Berita

Jeffrey Bomanak Serukan Kebenaran tentang Papua kepada Presiden Timor-Leste dalam Forum PBB

DILI, TOMEI.ID | Pemimpin Tentara Pembebasan Nasional Papua Barat – Organisasi Papua Merdeka (TPNPB-OPM), Jeffrey P. Bomanak, secara terbuka menyerukan kepada Presiden Timor-Leste, José Ramos-Horta, untuk menyatakan kebenaran terkait situasi Papua Barat.

Seruan ini disampaikan dalam Seminar Regional tentang Dekolonisasi yang diselenggarakan oleh Komite Khusus Dekolonisasi Perserikatan Bangsa-Bangsa (C-24).

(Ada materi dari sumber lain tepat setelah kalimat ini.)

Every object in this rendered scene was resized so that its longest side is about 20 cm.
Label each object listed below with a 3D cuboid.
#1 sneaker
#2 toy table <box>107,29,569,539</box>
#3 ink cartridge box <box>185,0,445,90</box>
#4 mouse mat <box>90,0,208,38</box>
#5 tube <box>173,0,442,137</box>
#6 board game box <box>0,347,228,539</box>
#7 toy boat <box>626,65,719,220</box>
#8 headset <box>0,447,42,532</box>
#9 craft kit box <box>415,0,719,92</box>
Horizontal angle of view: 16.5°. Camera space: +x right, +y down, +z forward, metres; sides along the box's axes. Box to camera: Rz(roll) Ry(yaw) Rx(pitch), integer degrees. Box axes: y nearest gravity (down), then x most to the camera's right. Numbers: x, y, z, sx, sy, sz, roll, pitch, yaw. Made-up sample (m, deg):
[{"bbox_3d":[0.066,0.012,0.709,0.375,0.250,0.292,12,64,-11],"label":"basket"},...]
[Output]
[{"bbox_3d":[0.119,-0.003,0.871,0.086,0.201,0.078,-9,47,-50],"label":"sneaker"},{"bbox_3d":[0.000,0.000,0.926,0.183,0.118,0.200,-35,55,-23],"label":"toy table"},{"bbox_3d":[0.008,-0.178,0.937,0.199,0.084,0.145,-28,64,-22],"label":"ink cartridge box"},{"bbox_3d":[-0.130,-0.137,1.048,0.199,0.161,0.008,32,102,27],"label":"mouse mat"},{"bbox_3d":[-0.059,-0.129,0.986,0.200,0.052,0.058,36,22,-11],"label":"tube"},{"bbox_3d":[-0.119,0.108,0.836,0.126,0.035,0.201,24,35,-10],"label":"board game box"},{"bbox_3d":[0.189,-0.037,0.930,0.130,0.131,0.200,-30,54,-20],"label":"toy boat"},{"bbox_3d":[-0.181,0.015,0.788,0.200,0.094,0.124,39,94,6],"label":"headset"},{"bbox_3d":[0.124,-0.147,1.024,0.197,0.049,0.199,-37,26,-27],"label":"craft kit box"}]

Dalam pidatonya, Bomanak mengingatkan pentingnya solidaritas antara masyarakat yang pernah dijajah, serta menekankan sejarah kekerasan bersama yang dialami oleh rakyat Timor-Leste dan Papua Barat. Ia menggambarkan perjuangan dekolonisasi bukan hanya sebagai proses politik, tetapi sebagai ritual suci yang harus dijalani secara jujur dan adil.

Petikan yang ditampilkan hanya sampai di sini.